The bill, which contains an exemption for hiring teachers of a foreign language, was promoted by supporters as a “jobs bill” that would give Tennesseans preference for jobs over persons legally coming into the United States on visas from other countries.
Eagle Forum founder Phyllis Schlafly, in an article posted on the organization’s website, says charter schools launched by Fethullah Gülen has set up 135 schools in 26 states “after he figured out how to work our system and get the U.S. taxpayers to import and finance his recruitment of followers for his worldwide religious and social movement.”
Citing various media reports, Schlafly says most teachers are Turkish men and the schools are linked to “a close-knit network of businesses and organizations run by Turkish immigrants.”
Restrictions on immigrants’ involvement in Tennessee charter schools would be imposed by legislation that is the subject of a Tennessean report today. The measure, Senate Bill 3345, says chartering authorities may not approve schools that plan to have more than 3.5 percent of their staff made up of legal immigrants with visa work permits. The bill also calls on authorities to revoke schools’ charters later if they exceed the cap, and it requires schools to disclose the source of all donations from overseas.

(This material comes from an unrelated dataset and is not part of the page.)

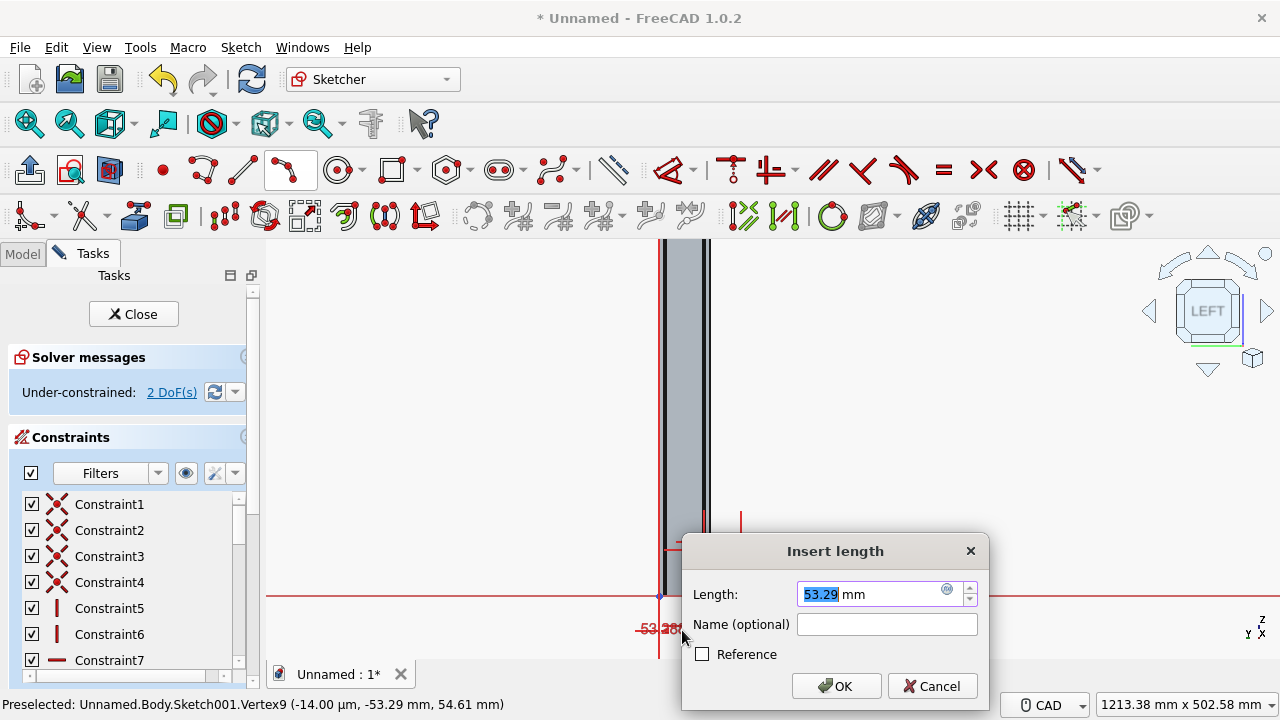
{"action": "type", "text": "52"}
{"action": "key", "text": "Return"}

There is no record of any schools in Tennessee exceeding that limit, in part because records aren’t maintained on employees’ nationality
The Tennessee Eagle Forum, which drafted the bill, is affiliated with the Eagle Forum, a national organization that wants to reduce the number of visas available to foreign-born workers and opposes the use of textbooks that it sees as favorable to Islam.
Last year, the Tennessee Eagle Forum urged lawmakers to pass the Material Support to Designated Entities Act, which would have declared some followers of Shariah to be terrorists. Muslim groups vigorously opposed the bill, arguing that Shariah covers a broad set of Islamic traditions, many of which have nothing to do with warfare or secular law.
Legislators later stripped out references to religion.
Like the Material Support to Designated Entities Act, this latest bill is sponsored by House Speaker Pro Tempore Judd Matheny, R-Tullahoma, and Senate Republican Caucus Chairman BillKetron, R-Murfreesboro.
Supporters say the measure is meant to encourage the hiring of Tennessee and American-born teachers by charter schools.
“The state of Tennessee is stating a preference that charter schools look to hire U.S. and Tennessee workers as a priority,” said Joanne Bregman, an attorney for the Tennessee Eagle Forum.
But charter school advocates fear the bill’s broad provisions could limit the ability of schools to hire the best instructors. Immigrant groups, meanwhile, fear it could limit participation in charter schools by people living in immigrant communities.
“The intent of this bill is really to put up barriers for anyone with a foreign background to be involved with working at charter schools,” said Remziya Suleyman, director of policy and administration for the American Center for Outreach, a Nashville-based group that lobbies on behalf of Muslims. “The tendency already is that it’s very difficult to get immigrants and refugees to participate.”